The situation has become so problematic that open-source developers are developing new tools to manage it.
Earlier this month, Mitchell Hashimoto introduced a system limiting GitHub contributions to “vouched” users, effectively ending the open-door policy for open-source software. As Hashimoto stated, “AI removed the natural entry barrier that allowed OSS projects to trust by default.”
Bug bounty programs also encounter similar issues, with open-source programs like cURL halting their bug bounty initiatives after being swamped with what creator Daniel Stenberg termed “AI slop.”
“In the past, substantial time was invested in the security report,” Stenberg explained at a recent conference. “There was inherent friction, but now there’s no effort required, and the floodgates are open.”
Frustration arises as many open-source projects still benefit from AI coding tools.

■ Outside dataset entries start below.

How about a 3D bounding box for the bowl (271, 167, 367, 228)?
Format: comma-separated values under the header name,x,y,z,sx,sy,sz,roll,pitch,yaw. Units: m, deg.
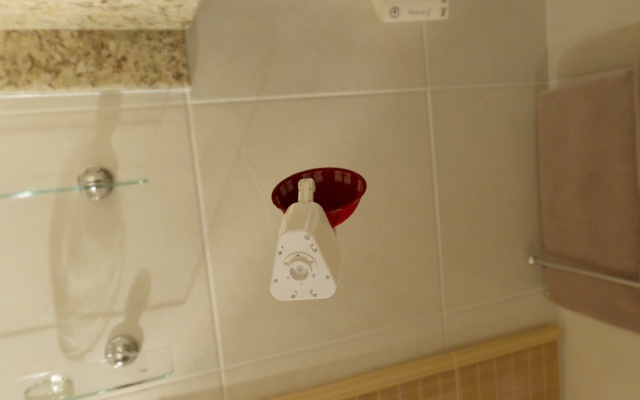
name,x,y,z,sx,sy,sz,roll,pitch,yaw
bowl,0.001,0.002,0.814,0.162,0.055,0.162,-6,30,4
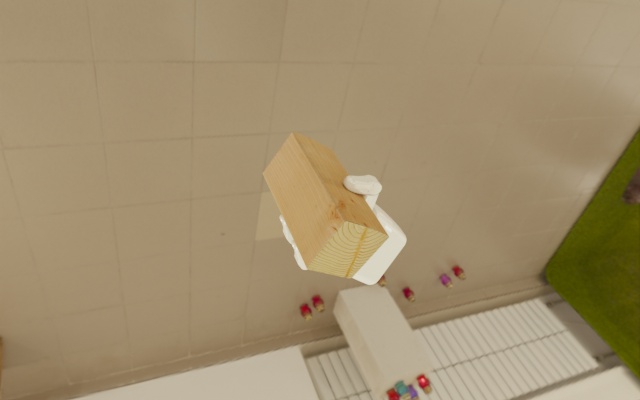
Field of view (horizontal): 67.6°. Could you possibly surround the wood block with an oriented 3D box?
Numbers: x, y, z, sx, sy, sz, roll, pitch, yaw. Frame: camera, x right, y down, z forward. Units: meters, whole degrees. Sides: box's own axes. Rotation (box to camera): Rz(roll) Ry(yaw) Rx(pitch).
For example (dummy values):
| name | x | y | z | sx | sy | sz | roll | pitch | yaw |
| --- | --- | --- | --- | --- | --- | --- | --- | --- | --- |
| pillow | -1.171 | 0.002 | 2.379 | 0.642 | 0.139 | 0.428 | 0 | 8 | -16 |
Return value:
| name | x | y | z | sx | sy | sz | roll | pitch | yaw |
| --- | --- | --- | --- | --- | --- | --- | --- | --- | --- |
| wood block | 0.001 | 0.002 | 0.703 | 0.090 | 0.091 | 0.206 | 20 | 28 | -40 |
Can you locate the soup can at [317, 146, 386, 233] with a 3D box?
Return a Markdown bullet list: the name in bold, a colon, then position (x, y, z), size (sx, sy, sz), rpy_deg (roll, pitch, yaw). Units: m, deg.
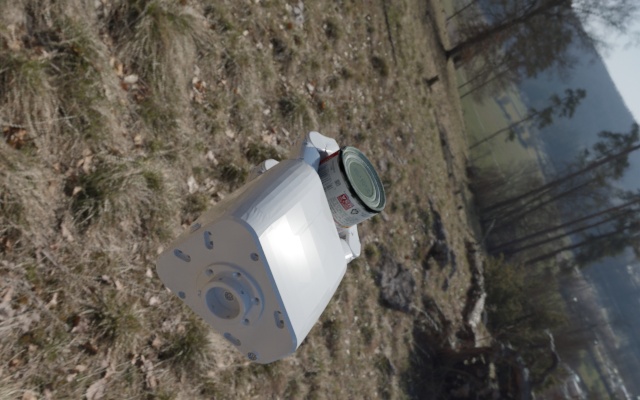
- **soup can**: position (0.001, 0.001, 0.444), size (0.102, 0.068, 0.068), rpy_deg (-29, -15, 29)
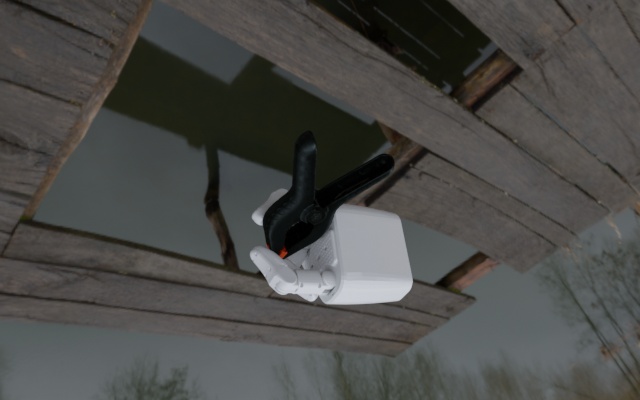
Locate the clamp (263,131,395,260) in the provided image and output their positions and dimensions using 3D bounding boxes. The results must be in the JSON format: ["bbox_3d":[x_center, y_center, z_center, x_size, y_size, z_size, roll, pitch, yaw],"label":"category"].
[{"bbox_3d":[0.000,0.002,0.506,0.120,0.039,0.171,7,-45,-28],"label":"clamp"}]
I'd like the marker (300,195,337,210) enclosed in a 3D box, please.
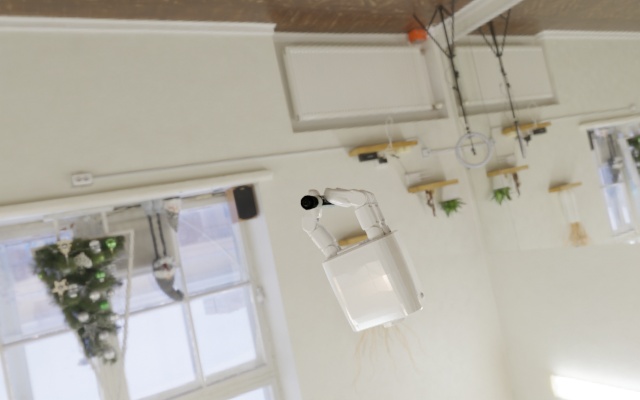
[{"bbox_3d":[0.000,0.002,0.637,0.020,0.020,0.121,0,0,17],"label":"marker"}]
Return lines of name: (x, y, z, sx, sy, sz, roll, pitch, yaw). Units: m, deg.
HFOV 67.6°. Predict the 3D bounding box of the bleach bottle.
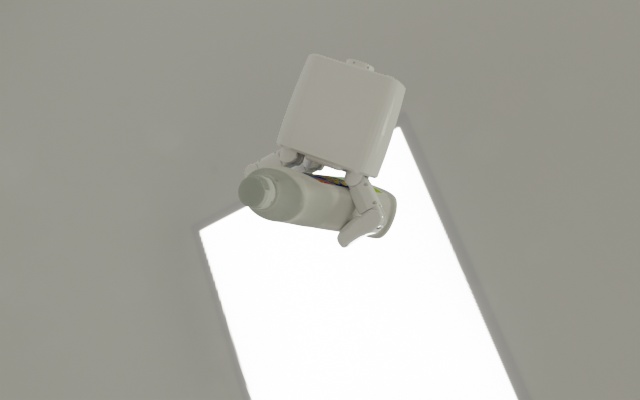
bleach bottle: (0.000, 0.002, 0.535, 0.102, 0.068, 0.251, 22, 7, 25)
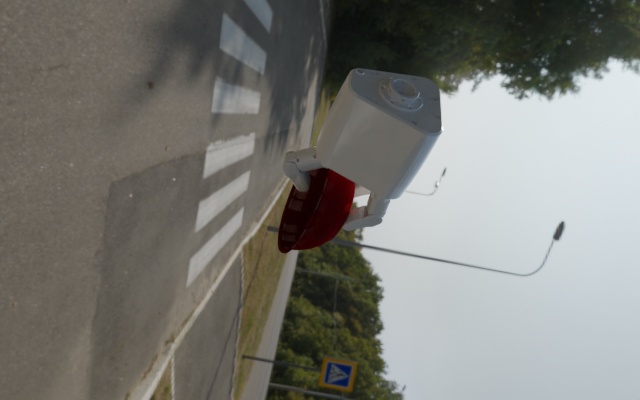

Kempf notes they simplify building new modules for VLC when managed by experienced developers.
“You can provide the model with the entire VLC codebase and say, ‘I’m porting this to a new OS,'” Kempf mentioned. “It’s useful for senior developers to write new code, but challenging for those unaware of what they’re doing.”
Competing Priorities
A significant concern for open-source projects is differing priorities. Companies like Meta value new code and products, while open-source efforts focus on stability.
“The issue varies from large companies to open-source projects,” Kempf noted. “They’re rewarded for writing code, not maintaining it.”
AI coding tools emerge amid a highly fragmented software landscape.
Open source investor Konstantin Vinogradov observes that AI tools confront an enduring trend in open-source engineering.
“On one hand, we have an exponentially growing codebase with an exponentially increasing number of dependencies. On the other, the number of active maintainers may be slowly growing but isn’t keeping pace,” Vinogradov stated. “With AI, both sides of this equation have accelerated.”
This introduces a novel perspective on AI’s impact on software engineering with concerning implications industry-wide.
If engineering equates to producing functional software, AI coding simplifies the process. However, if it involves managing software complexity, AI coding tools might complicate it. Active planning and effort will be required to maintain control over the expanding complexity.
For Vinogradov, this situation is familiar for open-source projects: ample tasks with insufficient skilled engineers.
“AI doesn’t increase the number of active, skilled maintainers,” he noted. “It empowers the capable ones, yet all fundamental challenges persist.”